EXERCISE:
An exact reproduction of the entries is needed. Keep all pictures out of it.

*** INPUT MATERIAL Section Begins ***

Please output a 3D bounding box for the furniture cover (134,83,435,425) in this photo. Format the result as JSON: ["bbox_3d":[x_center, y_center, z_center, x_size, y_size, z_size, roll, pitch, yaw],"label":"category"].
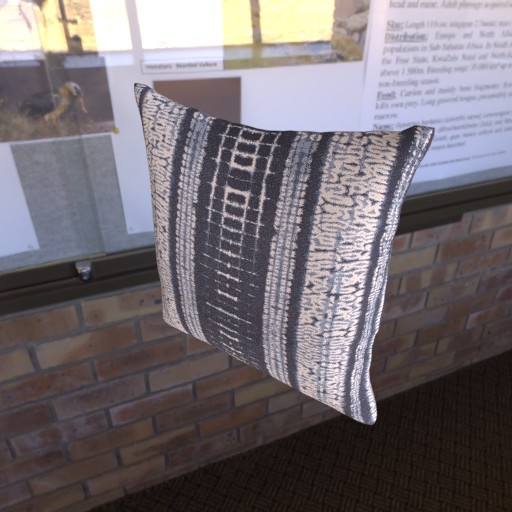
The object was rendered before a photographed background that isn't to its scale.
[{"bbox_3d":[0.000,0.000,0.642,0.425,0.435,0.133,20,37,29],"label":"furniture cover"}]
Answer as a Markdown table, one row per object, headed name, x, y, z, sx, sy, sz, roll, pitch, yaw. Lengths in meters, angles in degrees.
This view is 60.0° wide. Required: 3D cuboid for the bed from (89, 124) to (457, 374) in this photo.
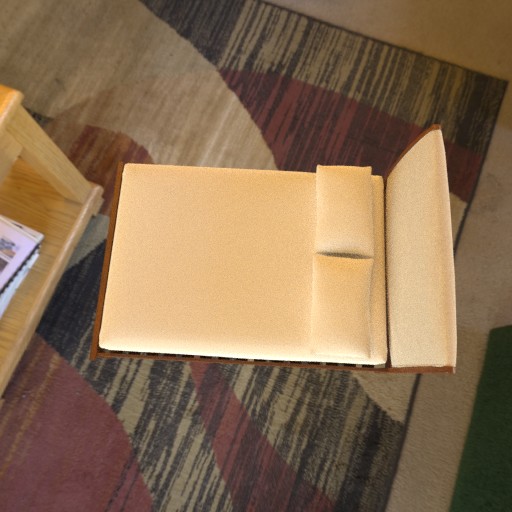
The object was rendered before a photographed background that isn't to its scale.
| name | x | y | z | sx | sy | sz | roll | pitch | yaw |
| --- | --- | --- | --- | --- | --- | --- | --- | --- | --- |
| bed | 0.000 | 0.000 | 3.269 | 2.380 | 1.250 | 1.612 | 3 | 75 | 1 |
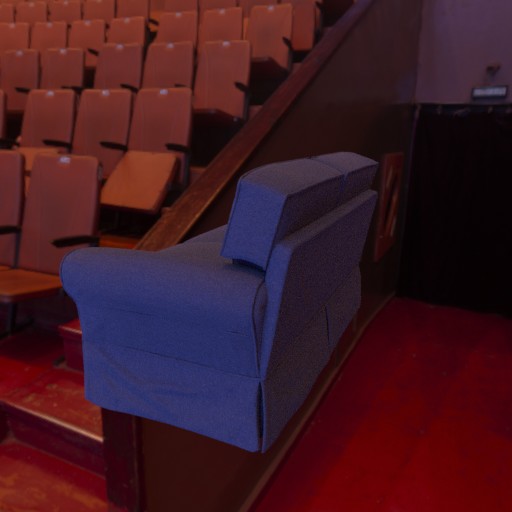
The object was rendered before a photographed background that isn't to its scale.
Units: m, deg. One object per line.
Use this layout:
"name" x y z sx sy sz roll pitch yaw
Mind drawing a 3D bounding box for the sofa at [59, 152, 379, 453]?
"sofa" 0.000 0.000 2.384 0.997 1.059 1.801 7 17 24
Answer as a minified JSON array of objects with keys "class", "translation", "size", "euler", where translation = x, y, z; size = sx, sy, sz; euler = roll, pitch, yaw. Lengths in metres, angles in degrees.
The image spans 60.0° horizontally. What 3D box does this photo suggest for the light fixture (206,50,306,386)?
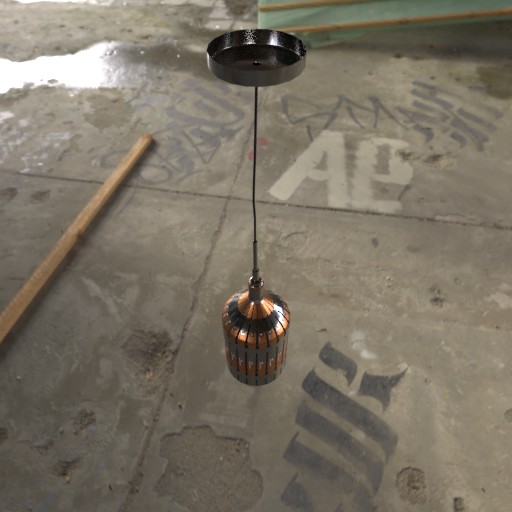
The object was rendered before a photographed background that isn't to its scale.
[{"class":"light fixture","translation":[0.000,0.000,1.669],"size":[0.303,1.535,0.303],"euler":[0,48,0]}]
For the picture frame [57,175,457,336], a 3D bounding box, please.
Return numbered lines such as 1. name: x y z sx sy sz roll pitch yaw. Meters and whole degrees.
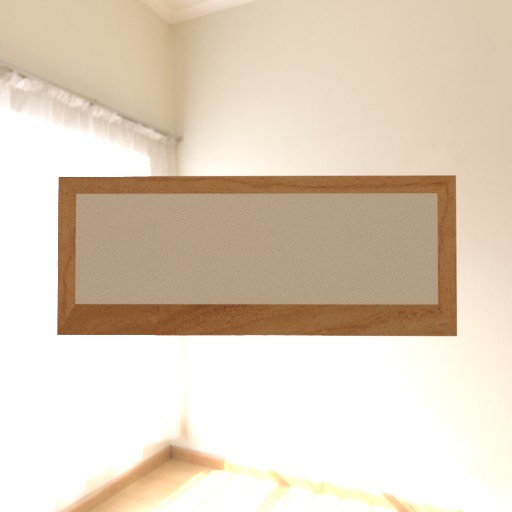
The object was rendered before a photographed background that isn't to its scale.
1. picture frame: 0.000 0.000 0.668 0.582 0.234 0.045 0 -1 1

*** INPUT MATERIAL Section Ends ***

ANSWER BOX:
Please output a 3D bounding box for the furniture cover (134,83,435,425) in this photo. Format the result as JSON: ["bbox_3d":[x_center, y_center, z_center, x_size, y_size, z_size, roll, pitch, yaw],"label":"category"].
The object was rendered before a photographed background that isn't to its scale.
[{"bbox_3d":[0.000,0.000,0.642,0.425,0.435,0.133,20,37,29],"label":"furniture cover"}]
Answer as a Markdown table, one row per object, headed name, x, y, z, sx, sy, sz, roll, pitch, yaw. Lengths in meters, angles in degrees.
This view is 60.0° wide. Required: 3D cuboid for the bed from (89, 124) to (457, 374) in this photo.
The object was rendered before a photographed background that isn't to its scale.
| name | x | y | z | sx | sy | sz | roll | pitch | yaw |
| --- | --- | --- | --- | --- | --- | --- | --- | --- | --- |
| bed | 0.000 | 0.000 | 3.269 | 2.380 | 1.250 | 1.612 | 3 | 75 | 1 |
The object was rendered before a photographed background that isn't to its scale.
Units: m, deg. One object per line.
Use this layout:
"name" x y z sx sy sz roll pitch yaw
Mind drawing a 3D bounding box for the sofa at [59, 152, 379, 453]?
"sofa" 0.000 0.000 2.384 0.997 1.059 1.801 7 17 24
Answer as a minified JSON array of objects with keys "class", "translation", "size", "euler", where translation = x, y, z; size = sx, sy, sz; euler = roll, pitch, yaw. Lengths in metres, angles in degrees.
The image spans 60.0° horizontally. What 3D box does this photo suggest for the light fixture (206,50,306,386)?
The object was rendered before a photographed background that isn't to its scale.
[{"class":"light fixture","translation":[0.000,0.000,1.669],"size":[0.303,1.535,0.303],"euler":[0,48,0]}]
For the picture frame [57,175,457,336], a 3D bounding box, please.
Return numbered lines such as 1. name: x y z sx sy sz roll pitch yaw. Meters and whole degrees.
The object was rendered before a photographed background that isn't to its scale.
1. picture frame: 0.000 0.000 0.668 0.582 0.234 0.045 0 -1 1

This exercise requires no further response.